K. Balakrishnan, D. Tipper and D. Medhi, ``Routing Strategies for Fault Recovery in Wide Area Packet Networks," To appear in Proceedings of IEEE Military Communications Conference (MILCOM'95), San Diego, CA, November 1995.
Abstract
In this paper, we present the results of a study of routing algorithms for traffic restoration after a failure in a virtual circuit packet switched wide area network capable of supporting integrated traffic (e.g., voice, video and data). The dominant factor on network performance after a failure is the transient congestion period that results from restored virtual circuits attempting to send out the entire backlog of packets accumulated since the failure.
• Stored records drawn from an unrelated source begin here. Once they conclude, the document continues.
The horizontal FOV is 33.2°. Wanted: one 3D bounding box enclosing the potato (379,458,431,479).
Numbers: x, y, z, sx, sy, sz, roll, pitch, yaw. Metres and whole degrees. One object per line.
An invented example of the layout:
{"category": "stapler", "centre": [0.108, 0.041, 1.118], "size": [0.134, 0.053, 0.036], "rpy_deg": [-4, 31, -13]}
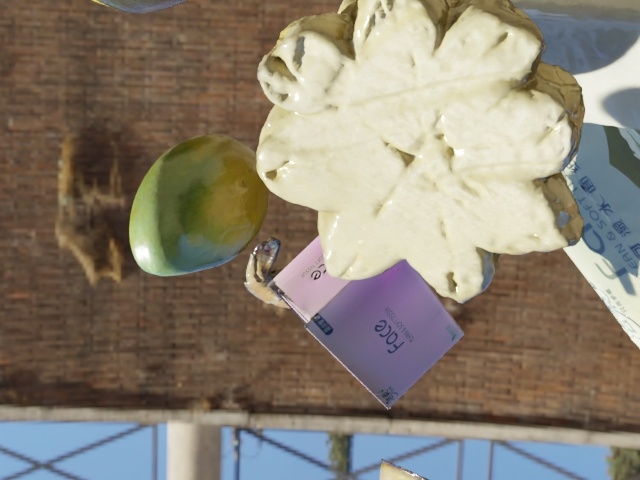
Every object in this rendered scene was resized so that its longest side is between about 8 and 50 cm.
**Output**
{"category": "potato", "centre": [0.121, 0.347, 1.341], "size": [0.120, 0.100, 0.261], "rpy_deg": [17, 168, 34]}

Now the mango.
{"category": "mango", "centre": [-0.117, -0.033, 1.046], "size": [0.092, 0.130, 0.194], "rpy_deg": [1, -146, 29]}

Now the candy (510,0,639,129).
{"category": "candy", "centre": [0.290, -0.230, 1.133], "size": [0.359, 0.145, 0.208], "rpy_deg": [13, 151, 32]}

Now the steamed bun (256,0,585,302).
{"category": "steamed bun", "centre": [0.089, -0.089, 0.911], "size": [0.295, 0.292, 0.137], "rpy_deg": [21, -146, -1]}

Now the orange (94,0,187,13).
{"category": "orange", "centre": [-0.215, -0.346, 1.230], "size": [0.237, 0.158, 0.179], "rpy_deg": [21, -133, 16]}

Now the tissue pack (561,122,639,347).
{"category": "tissue pack", "centre": [0.442, -0.085, 1.434], "size": [0.205, 0.405, 0.332], "rpy_deg": [-33, 172, -19]}

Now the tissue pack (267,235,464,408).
{"category": "tissue pack", "centre": [0.064, 0.085, 1.328], "size": [0.092, 0.148, 0.246], "rpy_deg": [43, 176, 42]}

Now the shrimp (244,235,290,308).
{"category": "shrimp", "centre": [0.000, 0.000, 1.433], "size": [0.169, 0.296, 0.058], "rpy_deg": [2, -131, -27]}
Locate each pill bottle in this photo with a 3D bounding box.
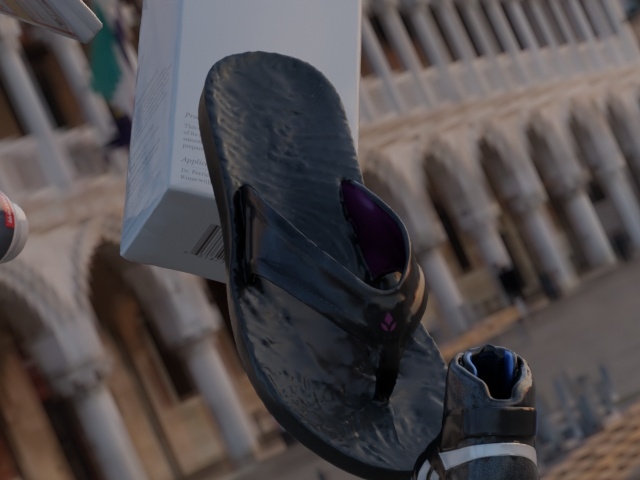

Standard routing algorithms based on minimizing the steady state network delay may not be appropriate for rerouting the calls after a failure, in view of the transient congestion. Here we propose alternative routing schemes to reduce the congestion. One approach is to use Minimum Hop routing to restore connections in order to ensure that the number of nodes directly effected by the rerouting is limited to a minimum. This method attempts to isolate and restrict the physical area of the congestion occurring due to the rerouting from a failure. An alternate approach is to distribute the potential congestion caused by the rerouting among the various links in the network, to take advantage of residual network capacity. This method allows the backlog of traffic to be potentially spread out over the various links in the network in order to not degrade the performance seriously at any particular link. This Load Distribution routing can be either across all the possible routes between the source-destination nodes or across all the links leading out of the source nodes. The results of a simulation study of a 10 node network comparing the performance of the different routing algorithms (i.e., Minimum Delay, Minimum Hop, Load Distribution on Paths, Load Distribution on Links) are presented.